But the Brass Neck Award really has to go to the prime minister for his speech at the UN (for relevant point, see pic posted here).

Who was in government for the vast majority of those 50 years?

That’s right: the Nationalist Party with PM Borg Olivier (1964 to 1971), with PM Eddie Fenech Adami (1987 to 1996 and 1998 to 2004), and with PM Gonzi (2004 to 2013).

That’s THIRTY-ONE years of the 50.

The Malta Labour Party was in government with PM Mintoff (1971 to 1984), with PM Karmenu Mifsud Bonnici (1984 to 1987), with PM Sant (1996 to 1998) and with PM Muscat (2013 to 2014). Nobody can claim that at any point during 18 of those 19 years, the Maltese government and Malta itself was “ambitious in favour of peace, progress and prosperity”.

The opposite was true. We allied ourselves with the communist dictatorships, bloody oppressors and totalitarian states of the world, and before 1989 we were firmly allied with Iron Curtain Europe rather than with free Europe. Our committed European and campaigner for human rights and freedoms, EU Commissioner Karmenu Vella, was a big part of that.

Liars and frauds, the lot of them. Their politics are not the politics of genuine conviction, but they merely hitch themselves to a bandwagon as the best and most effective means of achieving power and influence for themselves personally. It’s not typically Maltese – people like this are everywhere – but because of the peripheral nature of life in Malta, this has become the dominant mentality. It is the reason we can’t get beyond a certain point, why social evolution has plateaued and why we’re going through yet another massive brain drain.

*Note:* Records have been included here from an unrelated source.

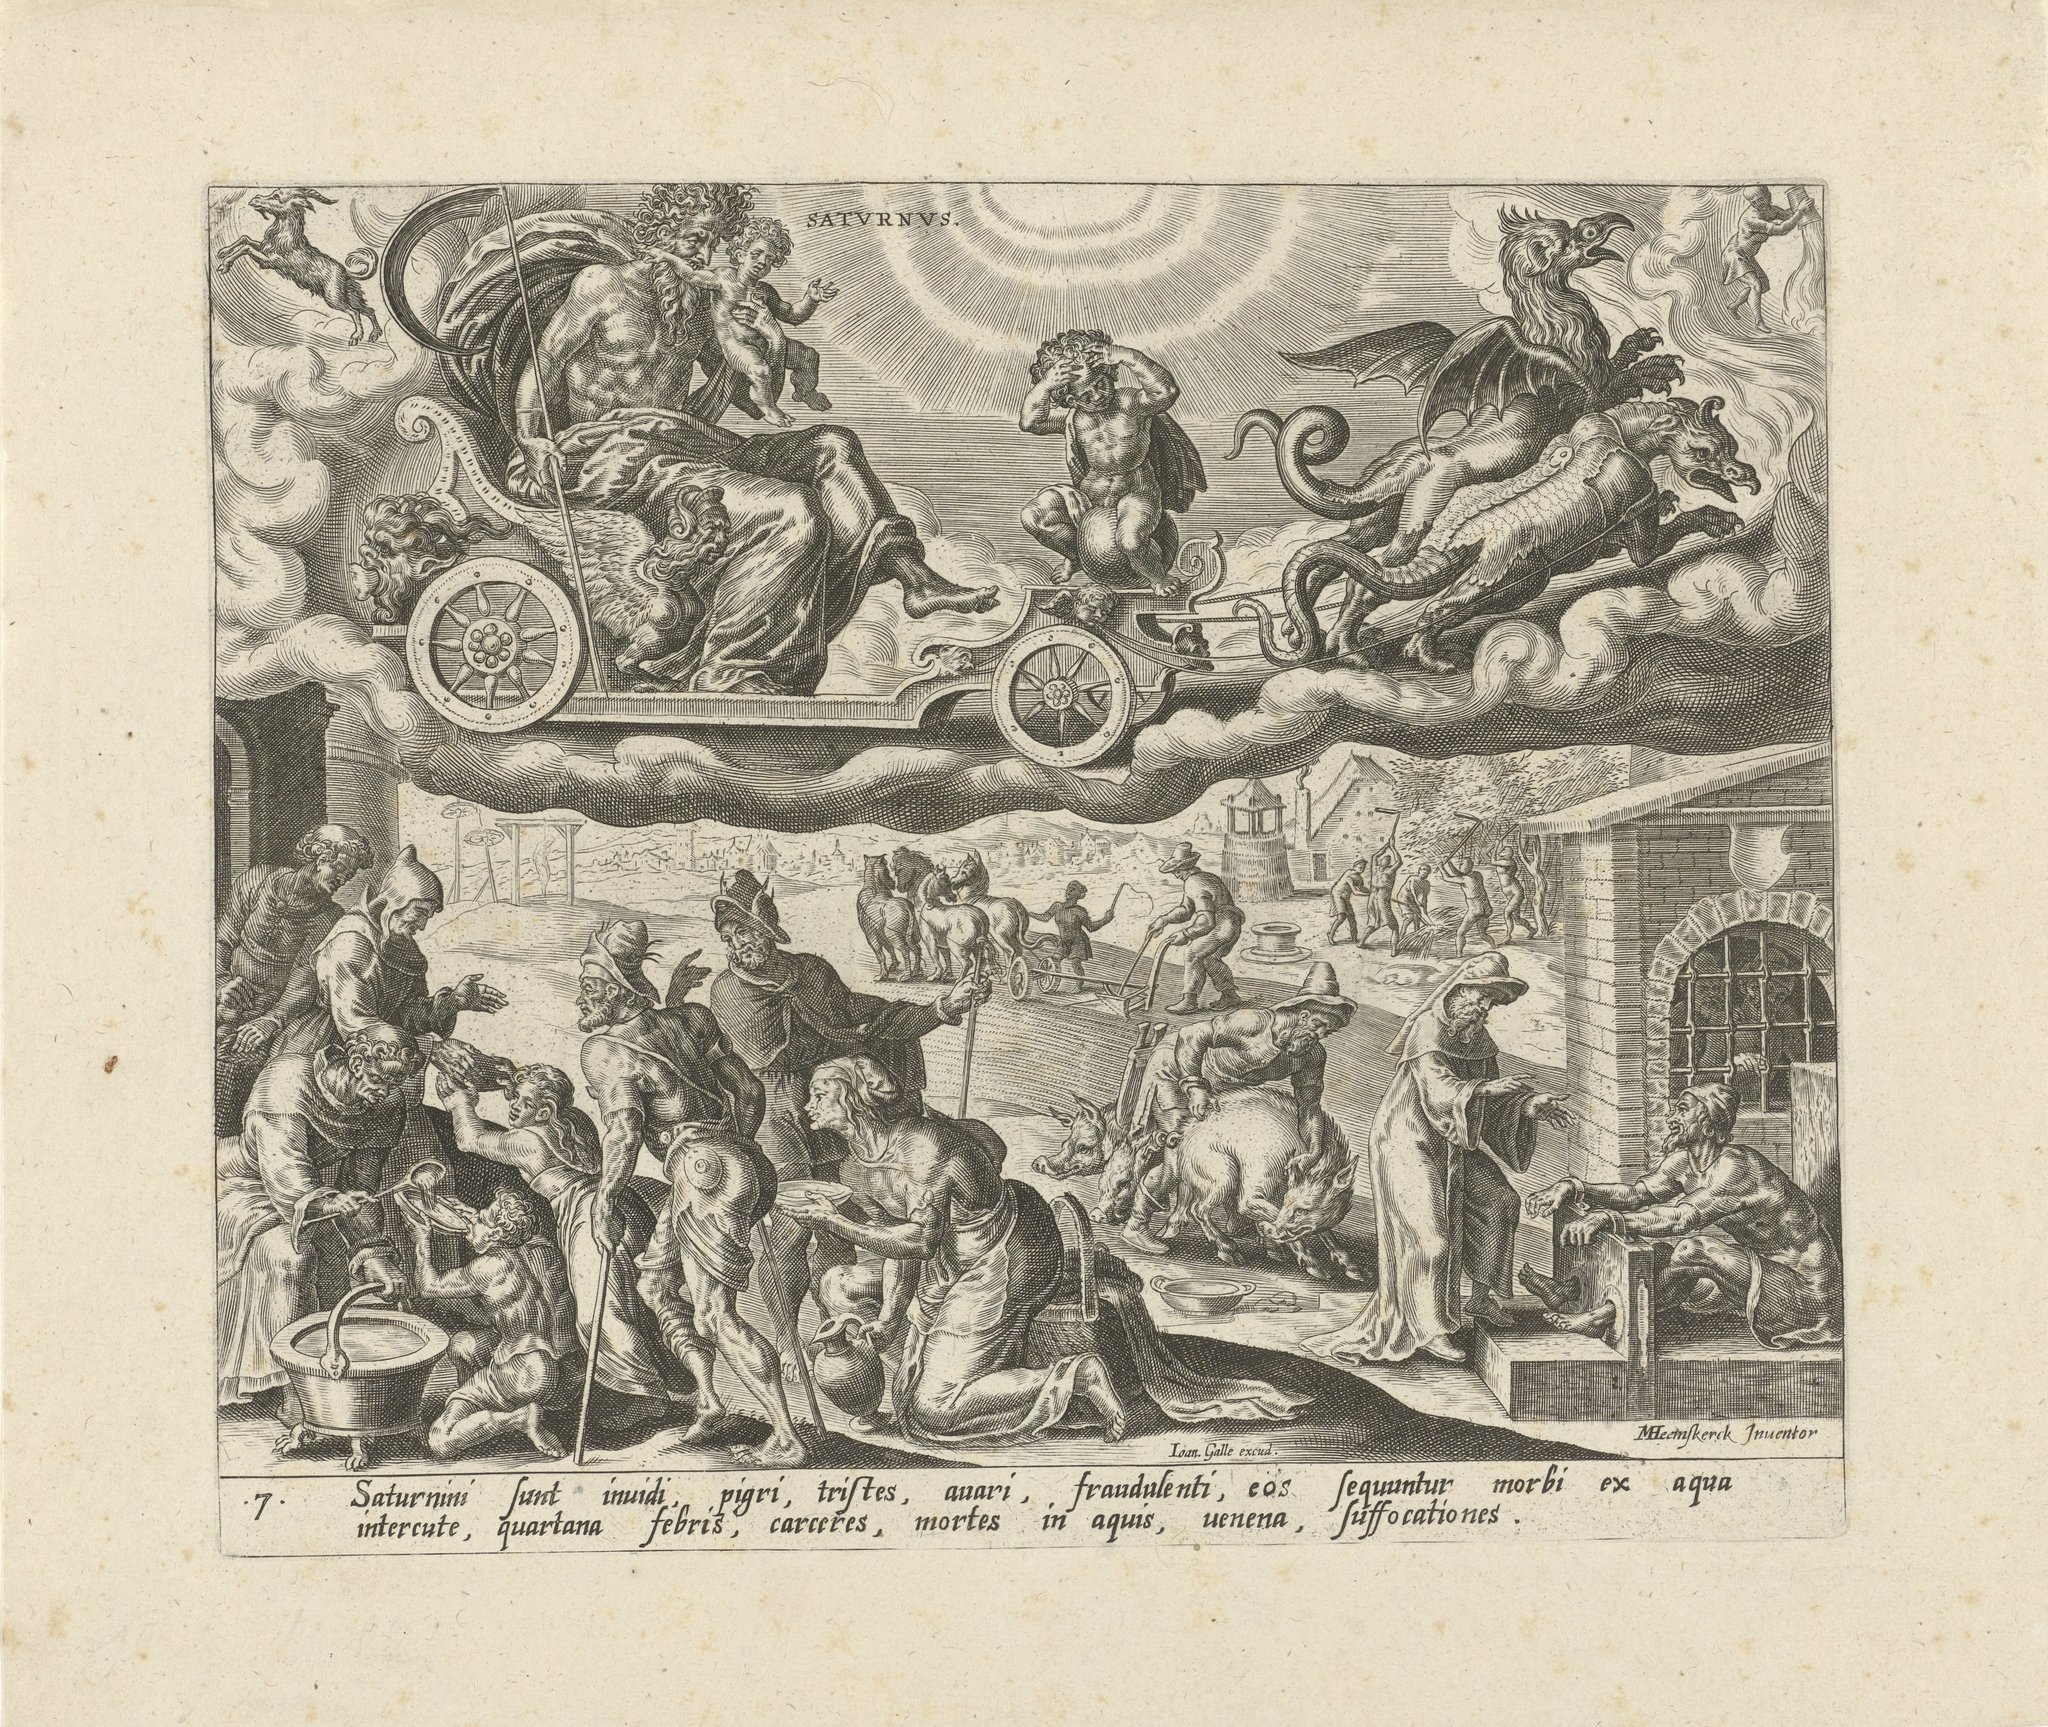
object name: print
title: De zeven planeten
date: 1566-1570
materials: paper
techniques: engraving
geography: antwerp
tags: prison, jail, saturn and his children ('planetenkinder') ~ aquarius and capricorn, dragon, agriculture, charitable works, the poor
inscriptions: collector's mark: Lugt 2228
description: Saturnus rijdt in zijn wagen aan de hemel, getrokken door twee draken. Hij verslindt een van zijn kinderen. De tekens van Steenbok en Waterman geven aan welke mensen tot de invloedssfeer van Saturnus behoren. De mensen, die onder dit sterrenbeeld geboren zijn, hebben een slechte gezondheid en kennen geen gelukkig levenseinde. Links halen arme kinderen, een bedelaar op krukken, pelgrim en hongerige vrouw eten bij liefdadige monniken. Rechts mensen in de gevangenis, die bezocht worden door een man. Op de achtergrond wordt het land bewerkt. Onderaan in de marge een tekst in het Latijn over de kinderen van Saturnus.

“Ambitious in favour of peace, progress and prosperity?” That’s not even literate.




32 Comments Comment

  1. curious says:

    They seem to have forgotten ‘neutrality’ completely.

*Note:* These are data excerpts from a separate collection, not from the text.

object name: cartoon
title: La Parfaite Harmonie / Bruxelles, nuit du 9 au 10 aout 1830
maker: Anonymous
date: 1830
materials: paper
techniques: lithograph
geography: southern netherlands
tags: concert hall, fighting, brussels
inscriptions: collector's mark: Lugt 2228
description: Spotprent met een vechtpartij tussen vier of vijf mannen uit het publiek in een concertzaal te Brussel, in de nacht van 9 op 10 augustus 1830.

    “The Labour Party believes Malta’s neutrality was a tool that should be treasured and actively used to promote peace and understanding between nations.
    Speaking during a reception for the Diplomatic Corp, Labour leader Joseph Muscat said Malta had to re-discover its vocation for the Mediterranean, Africa and the rest of the world.
    “In order to do so we believe that we should treasure and actively use our Constitutional neutrality.
    “We think that if used wisely, this is the best way in which we can pursue our goal of promoting peace and understanding between nations.”

    https://www.google.com/url?sa=t&rct=j&q=&esrc=s&source=web&cd=4&cad=rja&uact=8&ved=0CC4QFjAD&url=http%3A%2F%2Fwww.timesofmalta.com%2Farticles%2Fview%2F20100115%2Flocal%2Fneutrality-should-be-used-to-promote-peace-joseph-muscat.289935&ei=FIozVNeWGIbOaNyIgdgM&usg=AFQjCNGcjGjMCoKlpJM4_CYi-btxSizdAg&sig2=GMhHGOwO7E-isvu5C3qvyw

    • Angus Black says:

      Ironic, isn’t it?

      “In order to do so we believe that we should treasure and actively use our Constitutional neutrality”.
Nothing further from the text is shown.